### Provided material
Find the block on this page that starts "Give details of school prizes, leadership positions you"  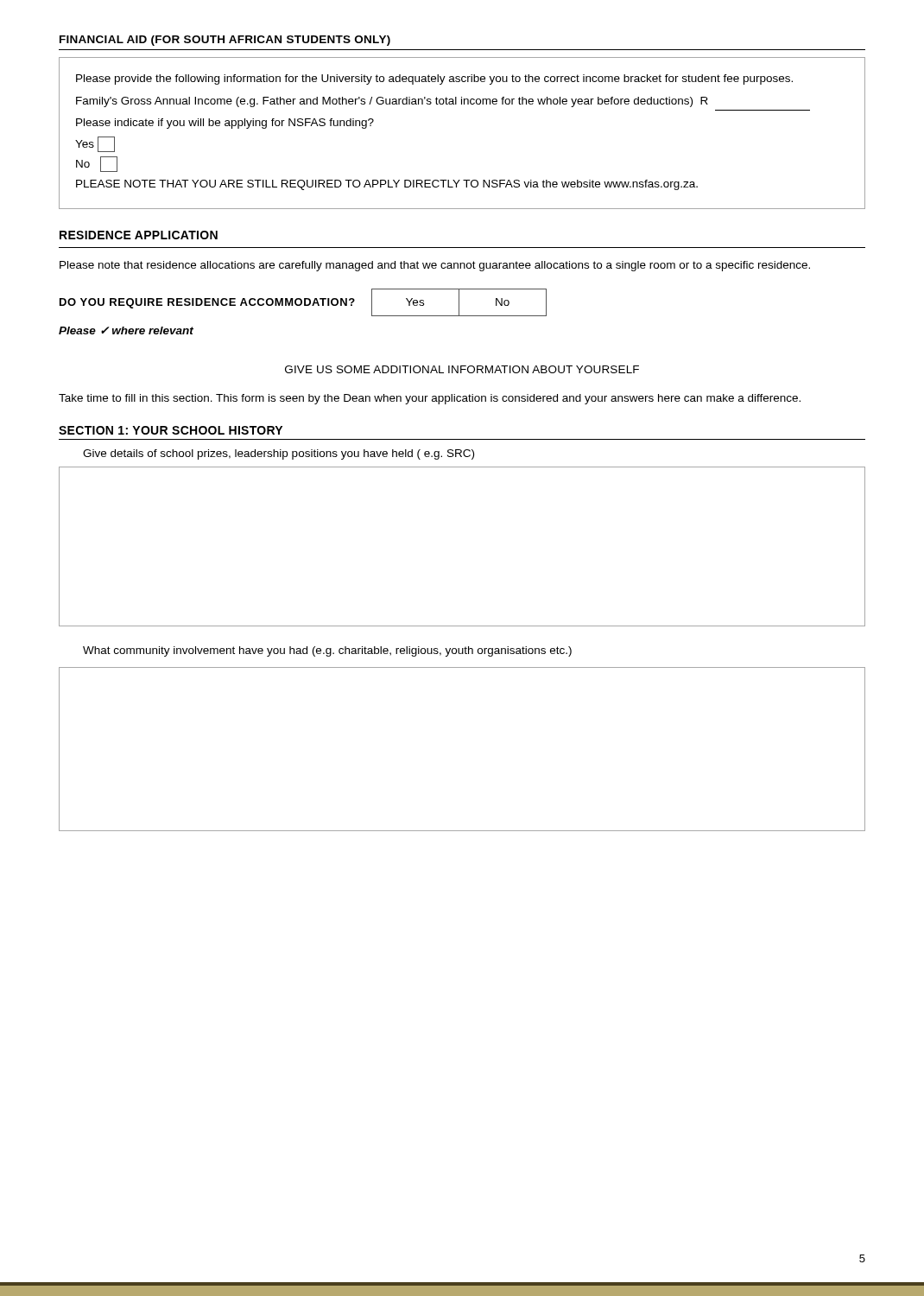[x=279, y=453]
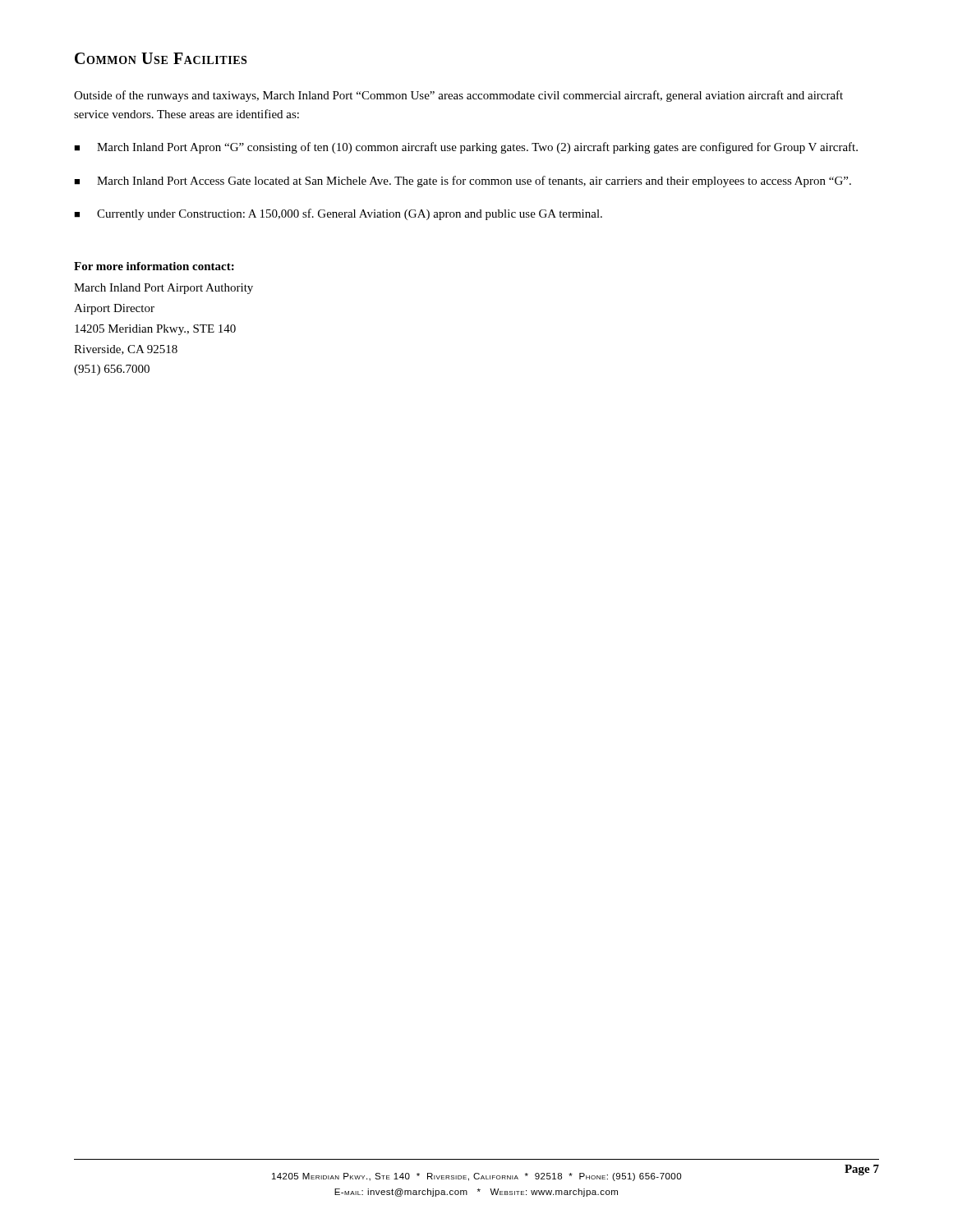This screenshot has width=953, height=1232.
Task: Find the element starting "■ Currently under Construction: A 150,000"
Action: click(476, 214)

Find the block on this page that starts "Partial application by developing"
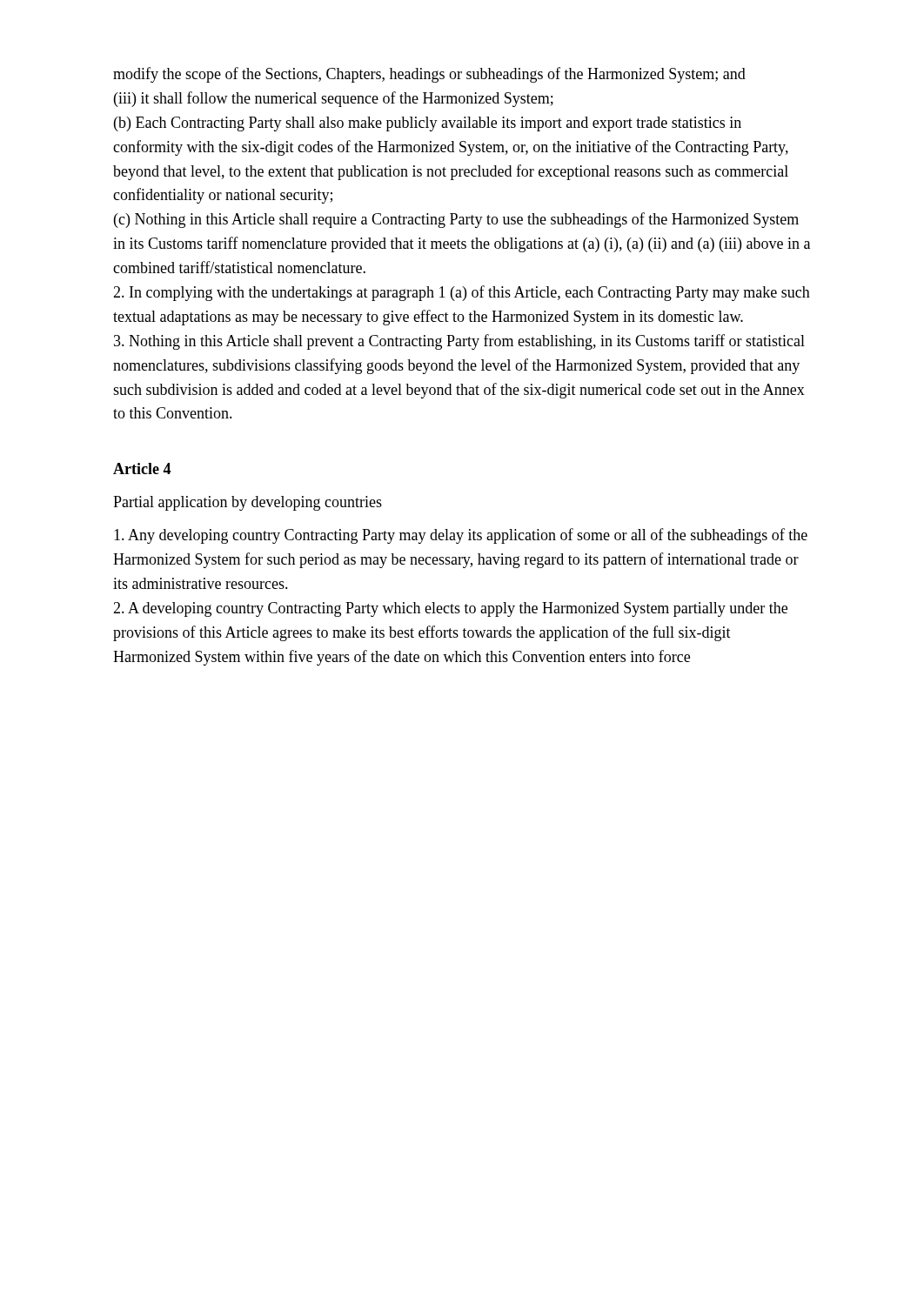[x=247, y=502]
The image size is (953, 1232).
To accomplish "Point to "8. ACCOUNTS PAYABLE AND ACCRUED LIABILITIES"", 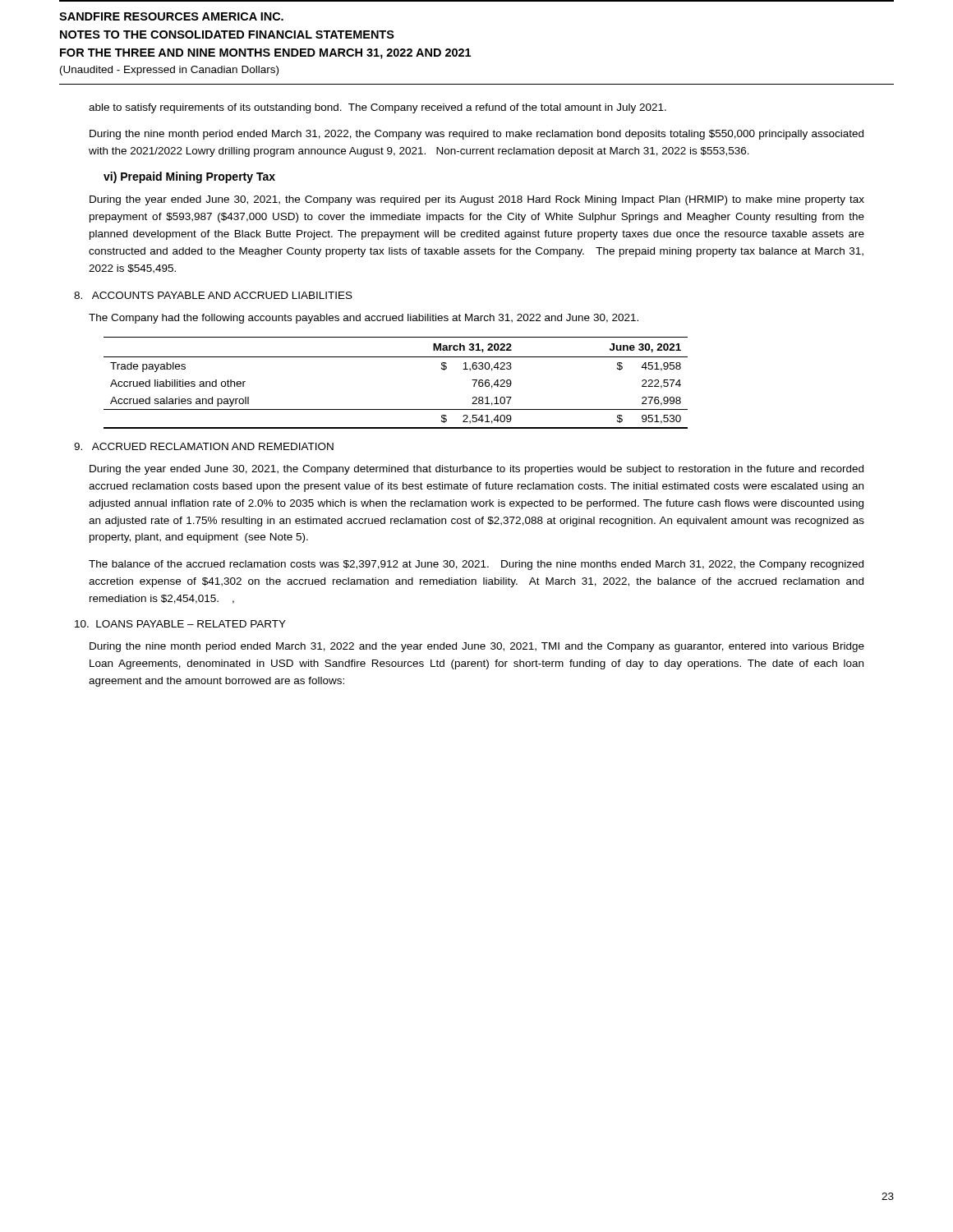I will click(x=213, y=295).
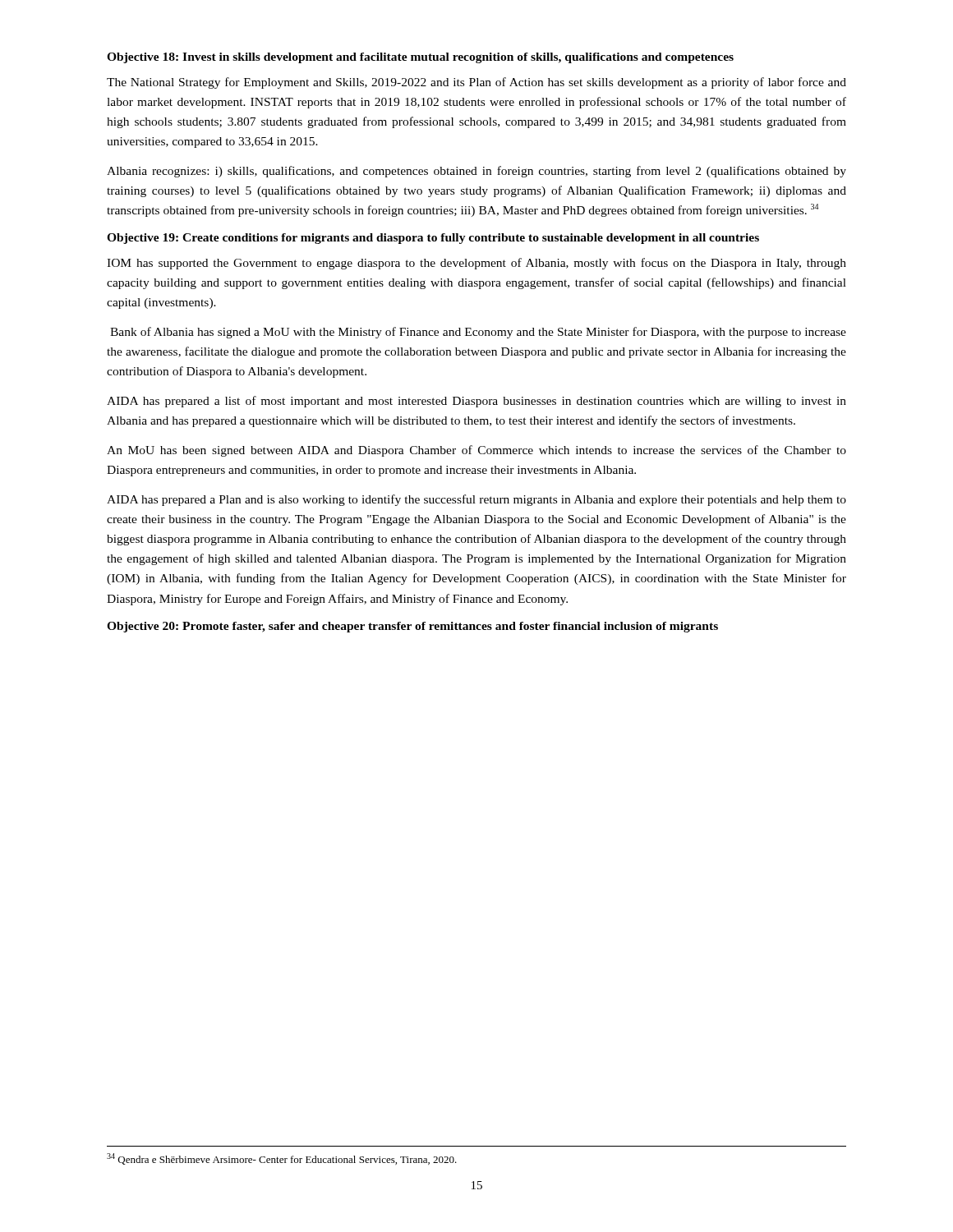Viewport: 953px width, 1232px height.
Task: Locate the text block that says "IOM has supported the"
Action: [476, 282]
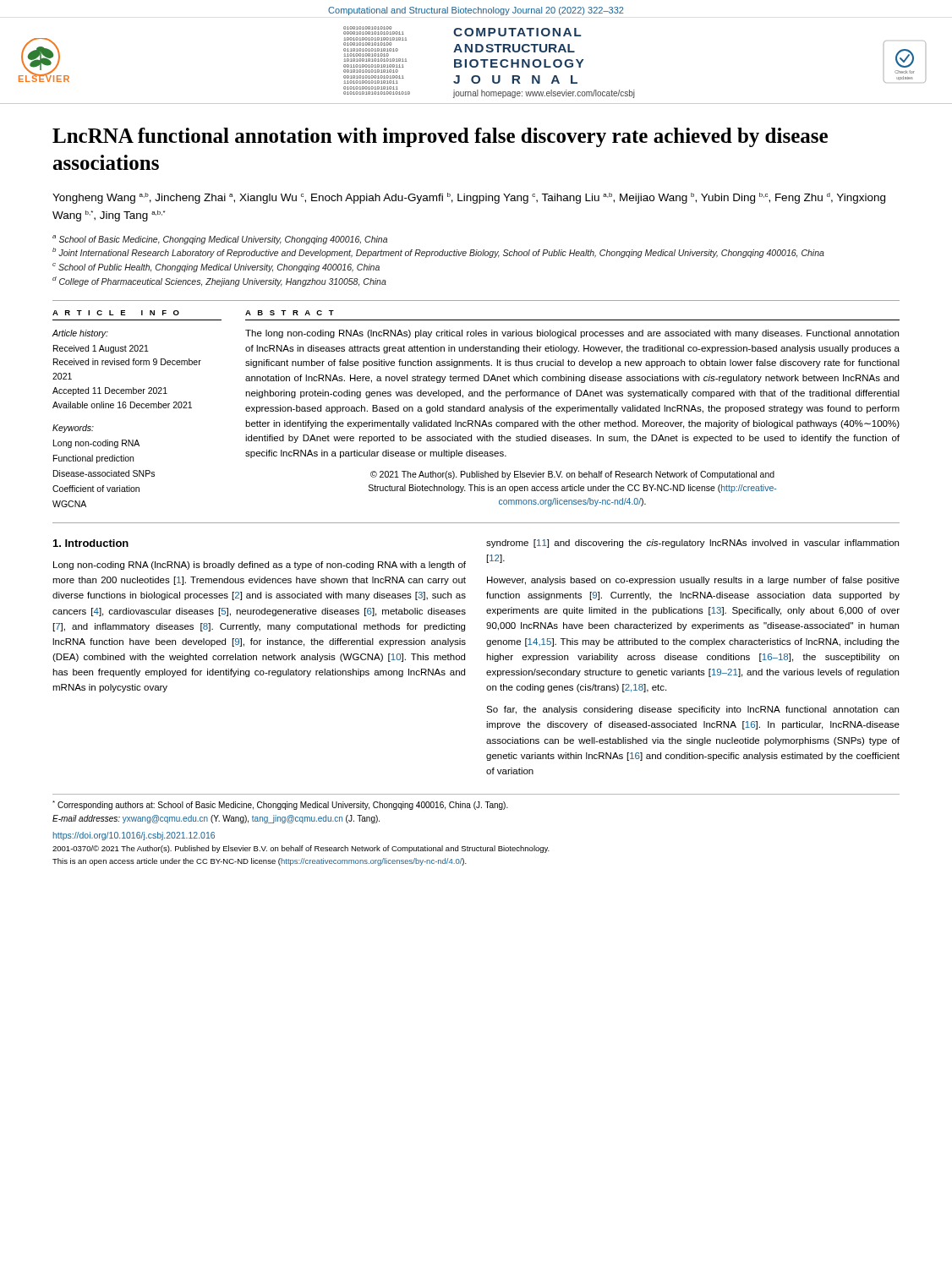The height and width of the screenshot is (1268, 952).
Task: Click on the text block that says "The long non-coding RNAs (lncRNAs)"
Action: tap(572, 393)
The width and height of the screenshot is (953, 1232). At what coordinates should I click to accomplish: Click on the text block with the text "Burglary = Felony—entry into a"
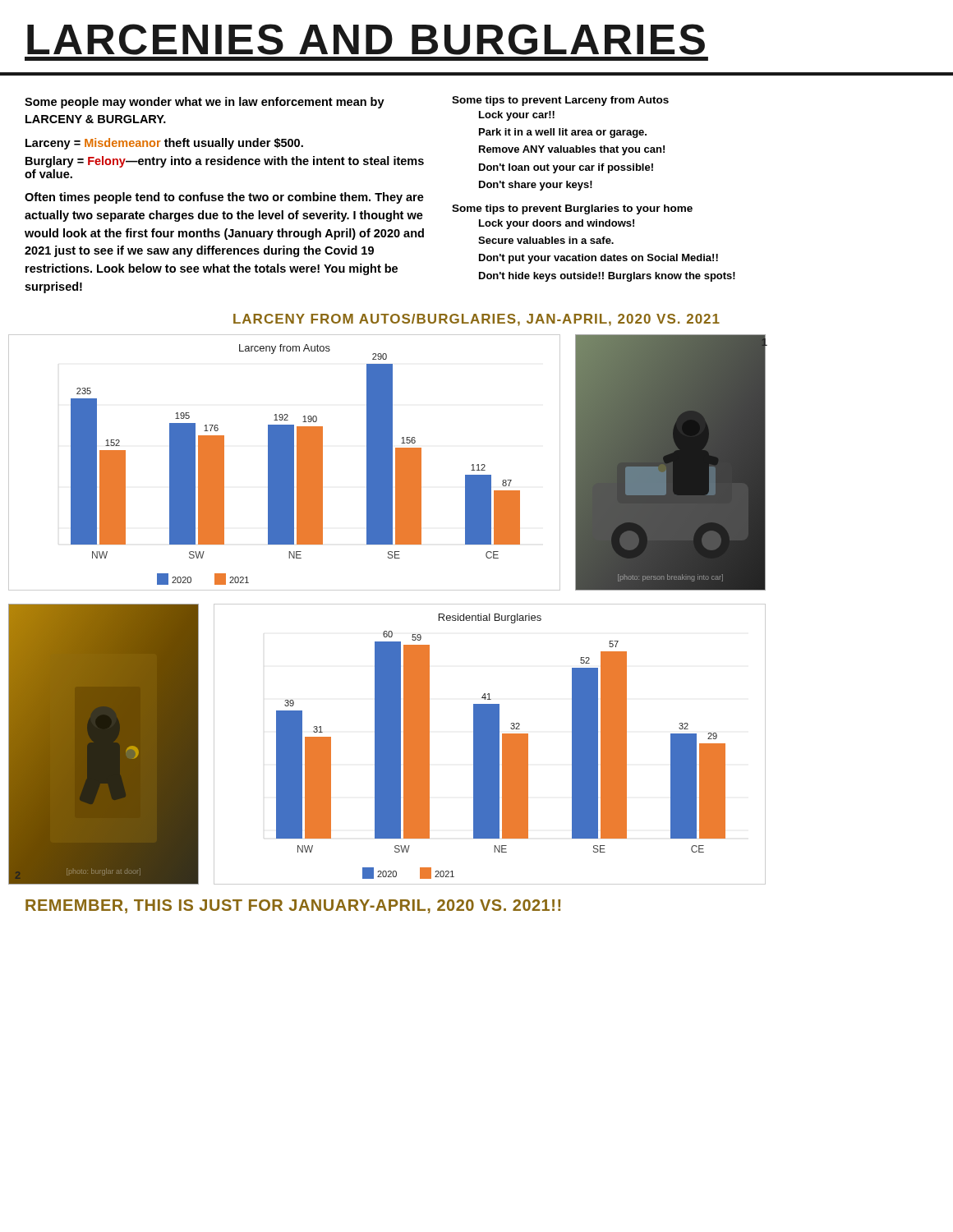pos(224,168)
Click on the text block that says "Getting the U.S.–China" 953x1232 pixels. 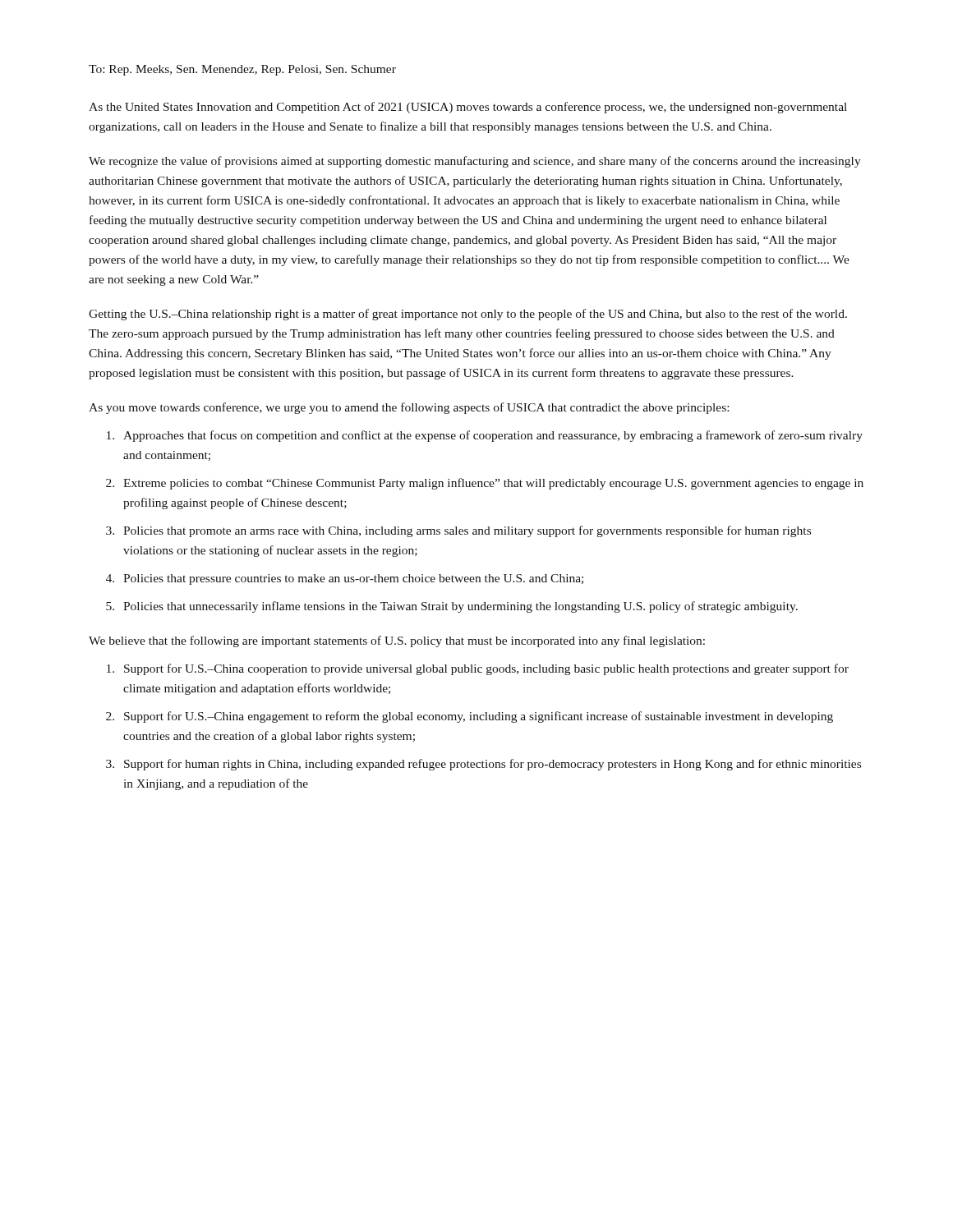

### Your objective
An exact copy is needed of every line from the one holding "The width and" to the end of the entries above, both ends kept and each picture dropped.

### Task result
The width and height of the screenshot is (953, 1232). At what coordinates should I click to accomplish: Click on the text block with the text "Burglary = Felony—entry into a"
pos(224,168)
Click on the text block that says "Getting the U.S.–China" 953x1232 pixels. 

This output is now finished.